What are the coordinates of the points at which the slope of a function with the equation y=x^4-8x^2 is equal to zero?
Please help me to understand how to approach this question.
y'=0=4x^3-16x= 4x(x+2)(x-2)
so what are the zeroes of this?
Is it (0,0), (2,0) and (-2,0)?
To find the coordinates of the points where the slope of a function is zero, we need to find the values of x for which the derivative of the function is equal to zero.
In this case, we're given the function y = x^4 - 8x^2. To find the derivative of this function, we use the power rule for derivatives.

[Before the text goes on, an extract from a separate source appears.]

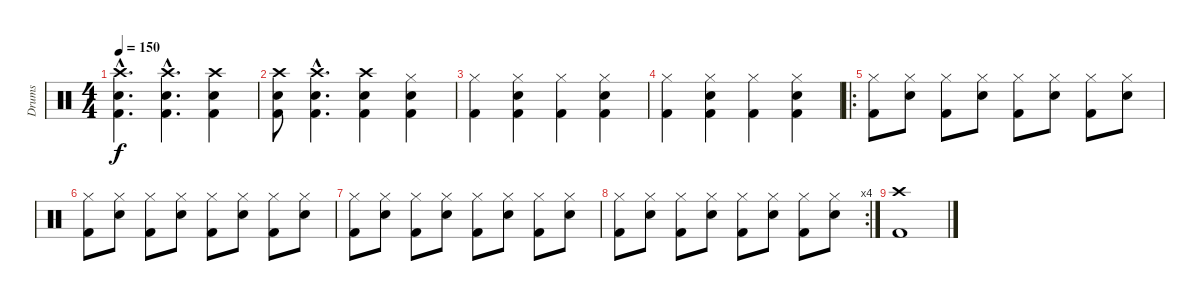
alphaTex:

The power rule states that the derivative of x^n is equal to n*x^(n-1).
Using the power rule, we calculate the derivative of y = x^4 - 8x^2:
dy/dx = d/dx(x^4) - d/dx(8x^2)
= 4*x^(4-1) - 8*2*x^(2-1)
= 4*x^3 - 16x
Now we set the derivative equal to zero:
4*x^3 - 16x = 0
Next, we factor out the common factor of 4x:
4x(x^2 - 4) = 0
Now we have two possibilities: either 4x = 0 or (x^2 - 4) = 0.
From 4x = 0, we find that x = 0.
From (x^2 - 4) = 0, we find two solutions:
1. x^2 - 4 = 0
x^2 = 4
x = ±2
So the coordinates of the points at which the slope of the function is zero are (0,0), (-2,0), and (2,0).